▶ Problem description: To complete this task, print all the data below exactly but leave out the images.

(Excerpts from a dataset)
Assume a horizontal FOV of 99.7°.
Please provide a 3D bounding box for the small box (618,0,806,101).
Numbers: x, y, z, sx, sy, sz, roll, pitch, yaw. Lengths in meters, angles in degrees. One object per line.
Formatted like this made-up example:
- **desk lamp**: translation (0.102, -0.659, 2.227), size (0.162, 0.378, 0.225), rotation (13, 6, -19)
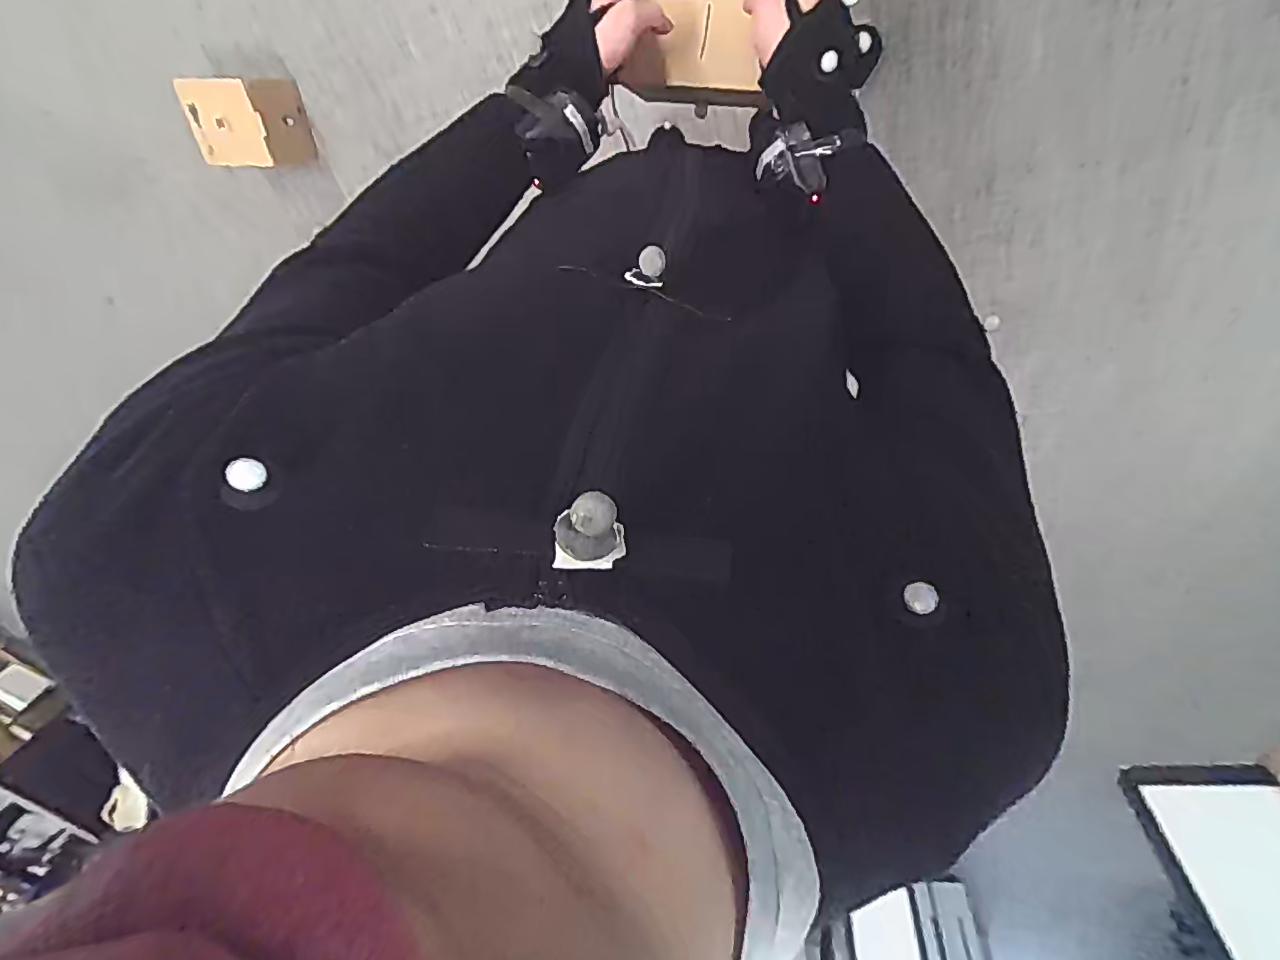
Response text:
- **small box**: translation (0.076, -0.487, 0.526), size (0.168, 0.176, 0.179), rotation (7, 121, 8)

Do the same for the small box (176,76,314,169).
- **small box**: translation (-0.899, -0.835, 1.259), size (0.179, 0.176, 0.168), rotation (5, 129, 7)

▶ Task result:
Assume a horizontal FOV of 99.7°.
Please provide a 3D bounding box for the small box (618,0,806,101).
Numbers: x, y, z, sx, sy, sz, roll, pitch, yaw. Lengths in meters, angles in degrees. One object per line.
Formatted like this made-up example:
- **desk lamp**: translation (0.102, -0.659, 2.227), size (0.162, 0.378, 0.225), rotation (13, 6, -19)
Response text:
- **small box**: translation (0.076, -0.487, 0.526), size (0.168, 0.176, 0.179), rotation (7, 121, 8)

Do the same for the small box (176,76,314,169).
- **small box**: translation (-0.899, -0.835, 1.259), size (0.179, 0.176, 0.168), rotation (5, 129, 7)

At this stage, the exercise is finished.